QCD matter at a finite magnetic field and nonzero chemical potential

We construct a hybrid equation of state (EoS) by smoothly interpolating the EoS in the hadron resonance gas at low temperatures to that in the ideal parton gas at high temperatures, and employ it to study the properties of the quantum chromodynamics (QCD) matter at a finite magnetic field and nonzero chemical potential. We find that dimensionless observables such as the entropy density $s/T^3$, the pressure $P/T^4$, the energy density $\varepsilon/T^4$, the trace anomaly $Δ= (\varepsilon - 3P)/T^4$, and the specific heat at constant volume $C_V/T^3$ are sensitive to both finite magnetic field and chemical potential.
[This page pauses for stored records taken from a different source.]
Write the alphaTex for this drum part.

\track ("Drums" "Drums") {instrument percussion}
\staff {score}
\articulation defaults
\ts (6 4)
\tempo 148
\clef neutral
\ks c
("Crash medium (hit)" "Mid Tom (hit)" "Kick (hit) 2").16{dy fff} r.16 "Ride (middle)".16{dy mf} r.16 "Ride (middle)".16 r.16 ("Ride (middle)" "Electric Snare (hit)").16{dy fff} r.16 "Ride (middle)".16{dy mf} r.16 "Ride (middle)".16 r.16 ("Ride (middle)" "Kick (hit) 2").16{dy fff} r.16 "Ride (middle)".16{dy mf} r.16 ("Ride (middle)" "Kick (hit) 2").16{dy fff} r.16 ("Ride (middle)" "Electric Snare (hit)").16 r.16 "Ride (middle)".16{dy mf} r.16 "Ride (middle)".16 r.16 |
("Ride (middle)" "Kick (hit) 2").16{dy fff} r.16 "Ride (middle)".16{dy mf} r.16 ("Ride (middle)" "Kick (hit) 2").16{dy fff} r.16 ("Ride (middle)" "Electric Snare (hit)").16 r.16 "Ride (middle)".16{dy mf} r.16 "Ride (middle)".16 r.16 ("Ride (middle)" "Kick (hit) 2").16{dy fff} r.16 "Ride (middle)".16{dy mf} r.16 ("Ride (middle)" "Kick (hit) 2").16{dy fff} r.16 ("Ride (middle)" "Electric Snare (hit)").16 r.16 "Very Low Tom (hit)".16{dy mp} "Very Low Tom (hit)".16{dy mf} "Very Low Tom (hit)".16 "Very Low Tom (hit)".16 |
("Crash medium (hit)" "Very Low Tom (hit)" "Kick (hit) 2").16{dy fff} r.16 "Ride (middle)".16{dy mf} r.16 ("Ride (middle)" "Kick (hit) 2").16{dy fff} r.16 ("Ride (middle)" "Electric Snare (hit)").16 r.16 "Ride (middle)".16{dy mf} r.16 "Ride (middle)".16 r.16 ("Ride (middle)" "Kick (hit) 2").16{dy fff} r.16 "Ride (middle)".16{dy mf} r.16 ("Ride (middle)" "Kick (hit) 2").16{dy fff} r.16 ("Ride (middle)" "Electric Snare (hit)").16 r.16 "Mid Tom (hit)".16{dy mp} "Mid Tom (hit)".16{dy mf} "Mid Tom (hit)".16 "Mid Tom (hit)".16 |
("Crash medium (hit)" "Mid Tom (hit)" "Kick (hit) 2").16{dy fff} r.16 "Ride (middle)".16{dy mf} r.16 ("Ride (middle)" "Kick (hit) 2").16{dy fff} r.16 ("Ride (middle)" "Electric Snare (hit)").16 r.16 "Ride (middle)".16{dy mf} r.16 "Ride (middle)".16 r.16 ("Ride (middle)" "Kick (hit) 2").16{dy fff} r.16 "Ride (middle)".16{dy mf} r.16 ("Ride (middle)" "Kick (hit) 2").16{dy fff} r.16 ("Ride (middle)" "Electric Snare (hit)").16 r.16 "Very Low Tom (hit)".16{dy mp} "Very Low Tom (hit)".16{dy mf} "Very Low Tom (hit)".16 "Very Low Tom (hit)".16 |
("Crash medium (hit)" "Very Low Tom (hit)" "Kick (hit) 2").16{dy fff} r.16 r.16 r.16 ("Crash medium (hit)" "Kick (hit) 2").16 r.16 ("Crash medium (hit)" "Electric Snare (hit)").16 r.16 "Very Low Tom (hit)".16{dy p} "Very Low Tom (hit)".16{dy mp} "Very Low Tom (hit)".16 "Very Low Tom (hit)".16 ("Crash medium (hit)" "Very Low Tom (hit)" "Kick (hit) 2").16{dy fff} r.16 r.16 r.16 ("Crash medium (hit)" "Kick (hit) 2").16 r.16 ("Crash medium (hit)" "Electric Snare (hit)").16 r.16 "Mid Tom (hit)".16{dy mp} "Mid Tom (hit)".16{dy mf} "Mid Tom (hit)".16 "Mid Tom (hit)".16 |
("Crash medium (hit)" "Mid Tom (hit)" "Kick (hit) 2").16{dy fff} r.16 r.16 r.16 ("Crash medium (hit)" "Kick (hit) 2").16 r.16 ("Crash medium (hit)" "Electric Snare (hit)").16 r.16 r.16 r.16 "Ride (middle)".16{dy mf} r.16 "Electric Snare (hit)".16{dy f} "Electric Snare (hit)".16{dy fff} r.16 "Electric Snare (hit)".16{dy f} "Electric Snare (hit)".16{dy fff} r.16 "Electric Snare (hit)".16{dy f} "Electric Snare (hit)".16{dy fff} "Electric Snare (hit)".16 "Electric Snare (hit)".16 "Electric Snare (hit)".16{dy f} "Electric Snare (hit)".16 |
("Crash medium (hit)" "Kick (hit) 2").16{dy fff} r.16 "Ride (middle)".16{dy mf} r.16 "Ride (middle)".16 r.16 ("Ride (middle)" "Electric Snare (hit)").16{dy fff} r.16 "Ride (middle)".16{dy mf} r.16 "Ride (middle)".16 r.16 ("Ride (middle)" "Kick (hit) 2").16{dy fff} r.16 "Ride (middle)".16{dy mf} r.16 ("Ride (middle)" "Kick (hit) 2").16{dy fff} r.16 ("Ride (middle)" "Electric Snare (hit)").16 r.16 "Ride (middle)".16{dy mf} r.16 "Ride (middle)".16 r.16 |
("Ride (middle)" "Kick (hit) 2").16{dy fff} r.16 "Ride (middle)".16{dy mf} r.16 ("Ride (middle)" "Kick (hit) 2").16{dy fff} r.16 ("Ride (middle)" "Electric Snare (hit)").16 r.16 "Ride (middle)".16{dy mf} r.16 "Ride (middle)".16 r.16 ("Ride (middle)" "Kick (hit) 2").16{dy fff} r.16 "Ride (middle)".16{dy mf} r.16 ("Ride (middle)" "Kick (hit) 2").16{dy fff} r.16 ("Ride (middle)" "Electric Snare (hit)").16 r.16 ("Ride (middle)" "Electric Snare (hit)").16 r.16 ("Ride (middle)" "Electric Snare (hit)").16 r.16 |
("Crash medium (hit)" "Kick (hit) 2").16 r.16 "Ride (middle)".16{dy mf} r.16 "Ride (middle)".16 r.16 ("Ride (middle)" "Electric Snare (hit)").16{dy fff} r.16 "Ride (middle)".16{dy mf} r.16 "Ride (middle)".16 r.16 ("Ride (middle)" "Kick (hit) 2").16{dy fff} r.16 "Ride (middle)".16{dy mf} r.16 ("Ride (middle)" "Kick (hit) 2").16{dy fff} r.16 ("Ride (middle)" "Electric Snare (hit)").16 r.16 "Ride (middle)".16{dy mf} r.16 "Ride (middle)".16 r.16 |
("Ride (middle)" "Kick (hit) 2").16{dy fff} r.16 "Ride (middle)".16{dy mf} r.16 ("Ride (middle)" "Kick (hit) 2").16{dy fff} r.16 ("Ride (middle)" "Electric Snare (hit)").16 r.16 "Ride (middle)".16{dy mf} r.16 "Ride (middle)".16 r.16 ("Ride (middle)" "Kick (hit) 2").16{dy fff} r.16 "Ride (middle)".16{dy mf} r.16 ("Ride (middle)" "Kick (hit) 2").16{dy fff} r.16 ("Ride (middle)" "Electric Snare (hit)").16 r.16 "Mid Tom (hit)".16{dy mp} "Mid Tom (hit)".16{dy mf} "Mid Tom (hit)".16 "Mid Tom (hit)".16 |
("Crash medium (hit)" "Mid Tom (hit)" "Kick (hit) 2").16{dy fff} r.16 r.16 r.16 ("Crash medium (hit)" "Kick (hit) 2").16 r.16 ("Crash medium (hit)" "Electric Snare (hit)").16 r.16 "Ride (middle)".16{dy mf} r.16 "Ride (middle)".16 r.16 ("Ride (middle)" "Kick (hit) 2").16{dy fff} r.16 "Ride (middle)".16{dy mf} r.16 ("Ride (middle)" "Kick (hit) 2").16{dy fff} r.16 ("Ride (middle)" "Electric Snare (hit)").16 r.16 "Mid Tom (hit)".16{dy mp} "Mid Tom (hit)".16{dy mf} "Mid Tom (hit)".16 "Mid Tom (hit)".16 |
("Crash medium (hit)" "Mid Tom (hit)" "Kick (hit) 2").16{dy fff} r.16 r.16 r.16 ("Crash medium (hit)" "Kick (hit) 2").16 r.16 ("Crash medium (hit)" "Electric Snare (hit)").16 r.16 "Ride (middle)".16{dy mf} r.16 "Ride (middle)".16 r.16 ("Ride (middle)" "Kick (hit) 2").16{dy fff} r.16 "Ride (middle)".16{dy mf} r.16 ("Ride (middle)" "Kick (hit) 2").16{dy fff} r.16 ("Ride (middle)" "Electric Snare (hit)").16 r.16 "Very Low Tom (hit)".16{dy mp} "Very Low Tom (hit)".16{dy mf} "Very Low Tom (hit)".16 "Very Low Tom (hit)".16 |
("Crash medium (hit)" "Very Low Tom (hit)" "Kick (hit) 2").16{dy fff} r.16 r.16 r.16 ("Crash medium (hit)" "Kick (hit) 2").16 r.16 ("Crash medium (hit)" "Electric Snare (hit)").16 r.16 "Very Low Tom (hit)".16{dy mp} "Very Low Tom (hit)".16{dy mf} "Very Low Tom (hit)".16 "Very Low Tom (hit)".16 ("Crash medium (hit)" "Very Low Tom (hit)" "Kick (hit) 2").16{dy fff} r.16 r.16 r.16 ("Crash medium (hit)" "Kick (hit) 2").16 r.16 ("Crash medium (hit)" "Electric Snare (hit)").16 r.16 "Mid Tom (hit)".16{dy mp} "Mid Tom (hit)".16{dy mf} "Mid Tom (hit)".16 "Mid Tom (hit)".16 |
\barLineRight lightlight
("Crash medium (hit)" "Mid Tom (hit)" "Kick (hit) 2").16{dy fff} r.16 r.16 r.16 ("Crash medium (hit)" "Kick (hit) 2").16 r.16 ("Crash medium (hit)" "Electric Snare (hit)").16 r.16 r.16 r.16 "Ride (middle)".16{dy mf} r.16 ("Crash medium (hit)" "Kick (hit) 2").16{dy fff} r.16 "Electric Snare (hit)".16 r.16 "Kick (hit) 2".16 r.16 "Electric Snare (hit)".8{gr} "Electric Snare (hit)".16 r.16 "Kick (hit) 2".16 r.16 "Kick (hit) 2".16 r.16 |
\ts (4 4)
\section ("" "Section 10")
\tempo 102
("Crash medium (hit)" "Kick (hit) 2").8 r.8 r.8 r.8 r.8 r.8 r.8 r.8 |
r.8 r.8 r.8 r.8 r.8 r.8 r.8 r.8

As the chemical potential increases from zero, these quantities rise in both the hadronic and quark-gluon plasma phases. In contrast, introducing a magnetic field suppresses them at low temperatures but enhances them at high temperatures. Furthermore, nonzero chemical potential and magnetic field introduce nontrivial modifications to the squared speed of sound $c_s^2$. Both effects increase $c_s^2$ close to the critical temperature while reducing it at lower temperatures. When the chemical potential and magnetic field are present simultaneously, their influences superimpose, leading to more intricate changes in the thermodynamic behavior. Finally, we compare our results with the lattice QCD data for the quadratic fluctuations of conserved charges and their correlations. The model successfully reproduces the temperature dependence of these observables at $eB=0$ and 0.04 GeV$^2$. However, at the stronger field strength $eB=0.14$ GeV$^2$, the model underestimates the magnitudes while still capturing the overall temperature trend.